Exercise: Lines from the line with "size: [0.214, 0.321, 0.075]" to the line with "8) car at [0, 263, 164, 306]" in the entries below, and only those, must be output exactly, with both ends included.

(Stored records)

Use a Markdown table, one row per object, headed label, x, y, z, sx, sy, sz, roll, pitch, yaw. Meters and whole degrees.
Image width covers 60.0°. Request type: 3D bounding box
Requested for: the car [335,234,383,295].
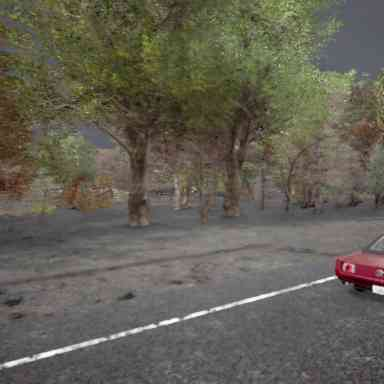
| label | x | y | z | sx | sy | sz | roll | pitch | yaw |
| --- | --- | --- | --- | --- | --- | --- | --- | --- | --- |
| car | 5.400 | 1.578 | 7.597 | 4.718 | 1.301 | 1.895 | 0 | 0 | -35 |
...
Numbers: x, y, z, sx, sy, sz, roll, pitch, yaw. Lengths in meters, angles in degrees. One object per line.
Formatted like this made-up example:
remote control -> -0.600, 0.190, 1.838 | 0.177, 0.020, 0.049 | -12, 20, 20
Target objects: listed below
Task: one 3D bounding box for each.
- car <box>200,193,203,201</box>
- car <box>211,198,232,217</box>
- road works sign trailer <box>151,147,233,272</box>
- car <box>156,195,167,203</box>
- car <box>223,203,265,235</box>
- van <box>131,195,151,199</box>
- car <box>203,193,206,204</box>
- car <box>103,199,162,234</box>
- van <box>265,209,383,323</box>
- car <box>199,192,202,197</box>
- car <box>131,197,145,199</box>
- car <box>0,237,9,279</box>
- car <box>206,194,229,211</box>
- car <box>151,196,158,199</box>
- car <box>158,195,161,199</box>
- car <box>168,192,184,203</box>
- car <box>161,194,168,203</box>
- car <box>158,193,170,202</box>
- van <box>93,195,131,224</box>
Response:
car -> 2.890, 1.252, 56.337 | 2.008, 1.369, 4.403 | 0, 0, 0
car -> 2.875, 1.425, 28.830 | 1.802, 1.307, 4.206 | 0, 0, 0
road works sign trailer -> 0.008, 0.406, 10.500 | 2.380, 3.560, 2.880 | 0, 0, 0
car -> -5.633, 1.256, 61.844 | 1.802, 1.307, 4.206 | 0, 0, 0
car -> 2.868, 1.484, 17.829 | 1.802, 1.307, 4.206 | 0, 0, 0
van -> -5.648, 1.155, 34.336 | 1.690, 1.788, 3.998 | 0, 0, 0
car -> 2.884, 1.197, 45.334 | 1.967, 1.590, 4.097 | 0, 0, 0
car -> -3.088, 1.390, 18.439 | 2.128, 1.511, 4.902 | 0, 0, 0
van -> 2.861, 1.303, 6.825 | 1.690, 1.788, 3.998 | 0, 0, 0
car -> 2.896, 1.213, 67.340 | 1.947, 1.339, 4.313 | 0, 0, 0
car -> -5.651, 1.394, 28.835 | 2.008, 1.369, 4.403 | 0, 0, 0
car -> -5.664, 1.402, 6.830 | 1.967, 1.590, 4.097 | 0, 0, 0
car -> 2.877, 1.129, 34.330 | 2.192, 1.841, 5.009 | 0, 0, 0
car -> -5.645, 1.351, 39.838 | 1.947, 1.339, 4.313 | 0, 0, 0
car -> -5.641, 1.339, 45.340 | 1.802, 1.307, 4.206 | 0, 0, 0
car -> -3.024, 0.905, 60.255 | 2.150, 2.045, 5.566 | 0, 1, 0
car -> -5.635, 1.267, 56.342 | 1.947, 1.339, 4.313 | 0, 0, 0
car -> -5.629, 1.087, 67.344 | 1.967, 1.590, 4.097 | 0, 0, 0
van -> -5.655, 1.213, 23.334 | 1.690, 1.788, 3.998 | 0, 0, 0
...
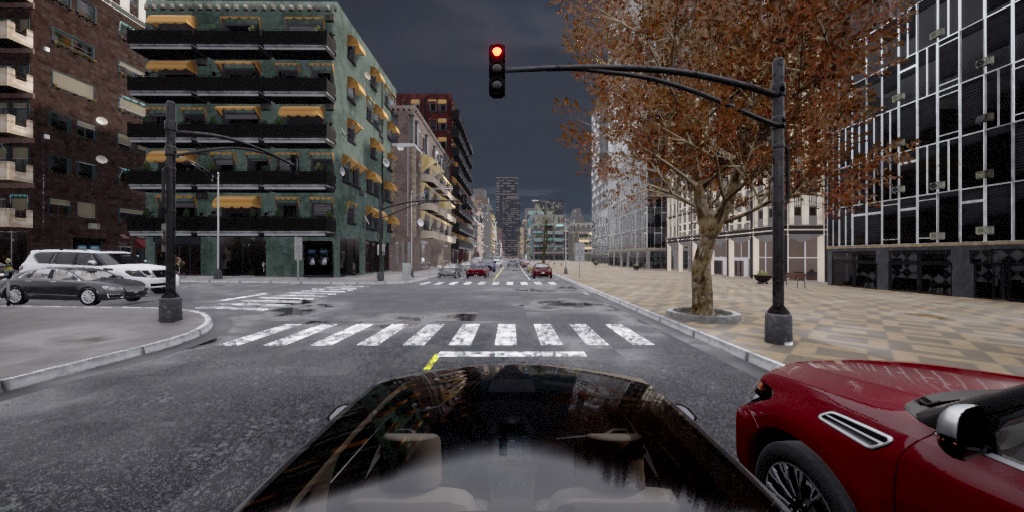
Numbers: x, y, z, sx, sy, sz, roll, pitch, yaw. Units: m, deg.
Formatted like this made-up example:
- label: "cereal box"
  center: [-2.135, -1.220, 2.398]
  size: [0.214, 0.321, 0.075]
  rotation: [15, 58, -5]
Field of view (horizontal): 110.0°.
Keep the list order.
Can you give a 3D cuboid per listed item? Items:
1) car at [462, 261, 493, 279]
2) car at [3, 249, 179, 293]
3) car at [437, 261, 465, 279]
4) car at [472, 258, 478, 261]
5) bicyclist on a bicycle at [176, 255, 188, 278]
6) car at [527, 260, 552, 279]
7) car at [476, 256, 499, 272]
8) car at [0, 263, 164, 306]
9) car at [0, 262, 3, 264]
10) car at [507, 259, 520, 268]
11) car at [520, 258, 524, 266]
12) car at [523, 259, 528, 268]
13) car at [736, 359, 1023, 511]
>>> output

Exercise response:
  size: [0.214, 0.321, 0.075]
  rotation: [15, 58, -5]
Field of view (horizontal): 110.0°.
Keep the list order.
Can you give a 3D cuboid per listed item? Items:
1) car at [462, 261, 493, 279]
2) car at [3, 249, 179, 293]
3) car at [437, 261, 465, 279]
4) car at [472, 258, 478, 261]
5) bicyclist on a bicycle at [176, 255, 188, 278]
6) car at [527, 260, 552, 279]
7) car at [476, 256, 499, 272]
8) car at [0, 263, 164, 306]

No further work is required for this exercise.